▶ _WHAT NEEDS TO BE DONE_: Across the entries below, work out how many lines contain "object". Respond with the number and no other text.
-------- INFORMATION --------
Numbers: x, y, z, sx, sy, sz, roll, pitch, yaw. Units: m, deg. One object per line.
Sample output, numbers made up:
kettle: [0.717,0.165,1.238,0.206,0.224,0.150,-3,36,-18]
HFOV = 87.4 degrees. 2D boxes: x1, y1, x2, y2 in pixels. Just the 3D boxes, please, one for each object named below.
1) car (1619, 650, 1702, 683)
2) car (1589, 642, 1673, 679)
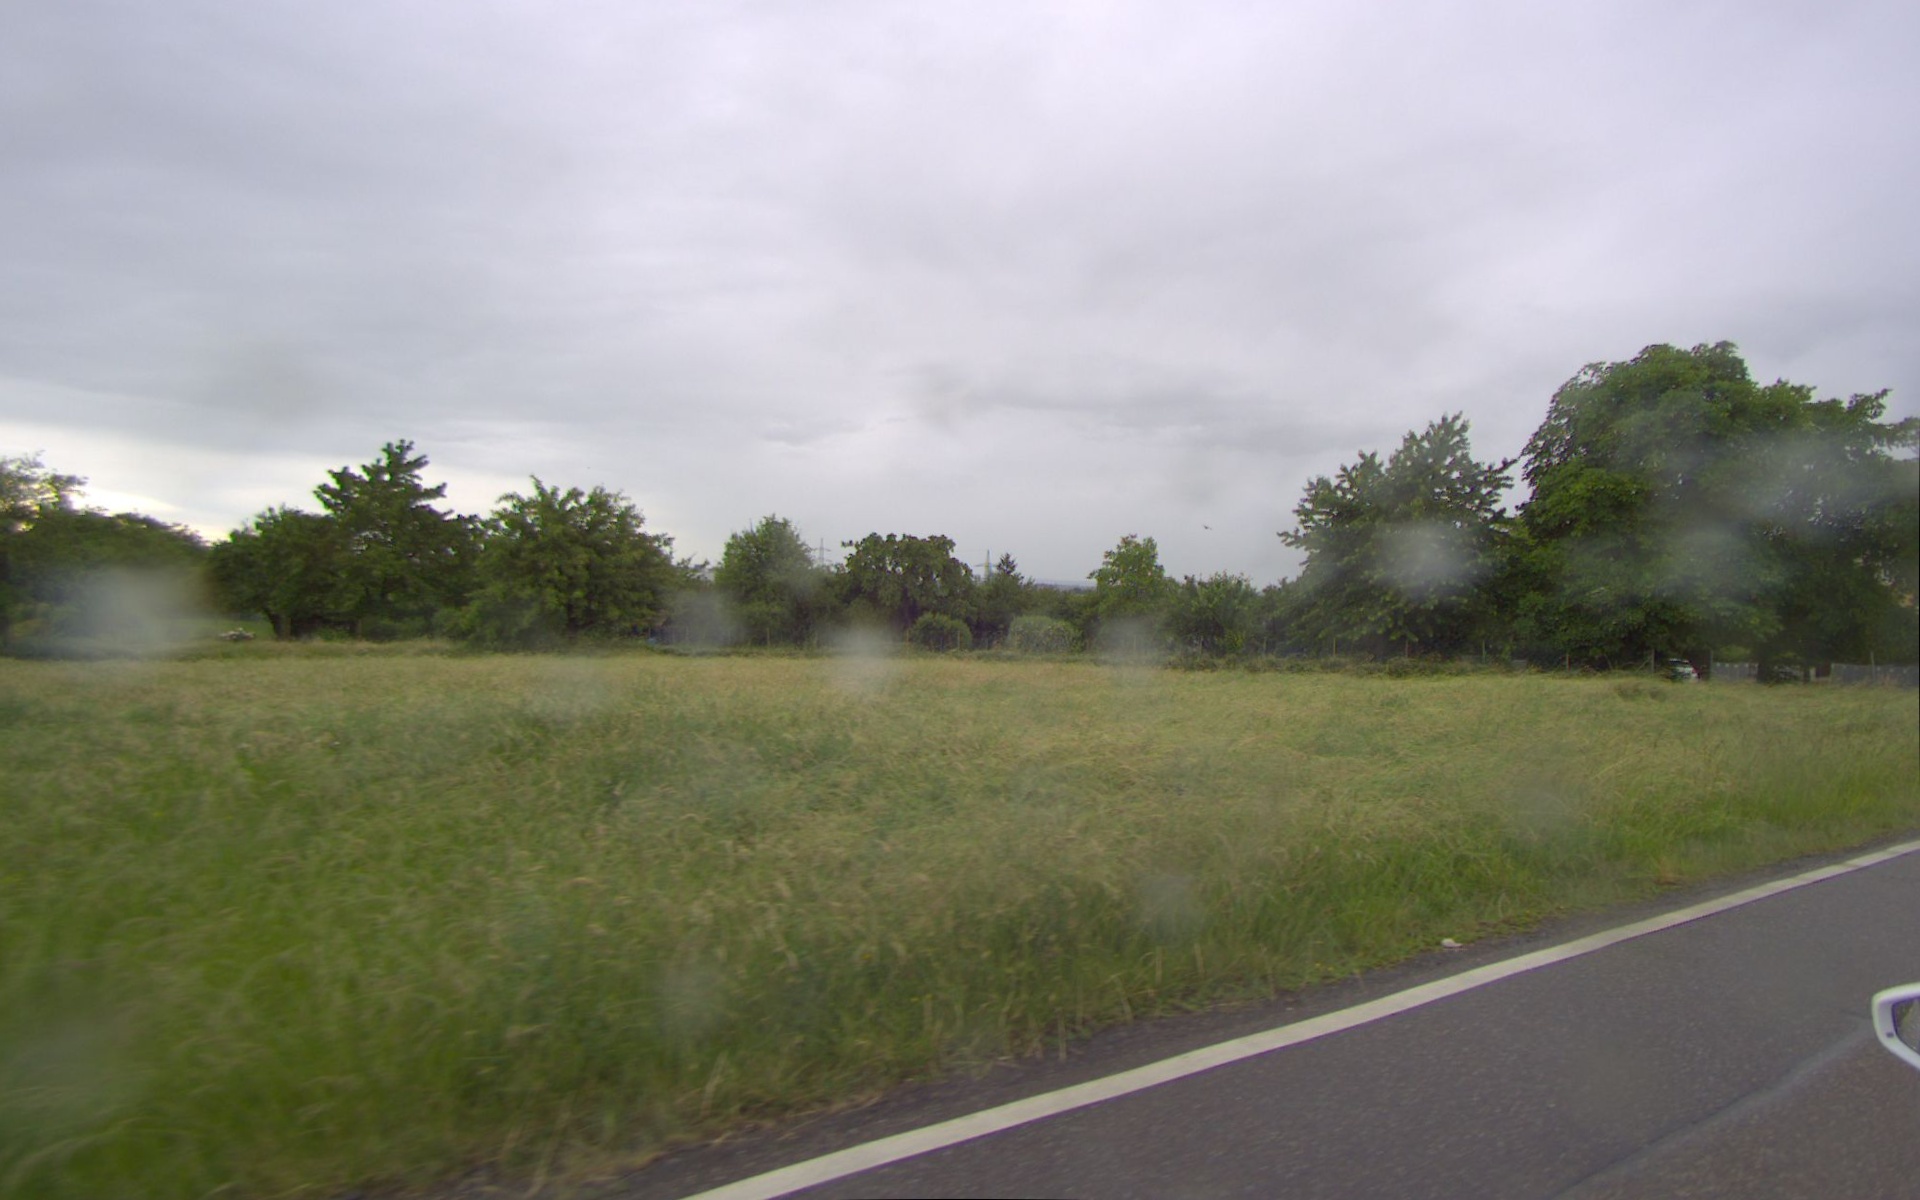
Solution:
car: [36.165,3.393,51.959,1.580,1.522,3.726,3,-3,-1]
car: [33.547,3.018,50.313,1.659,1.572,3.697,3,-1,0]
--------
▶ _RESPONSE BOX_: 2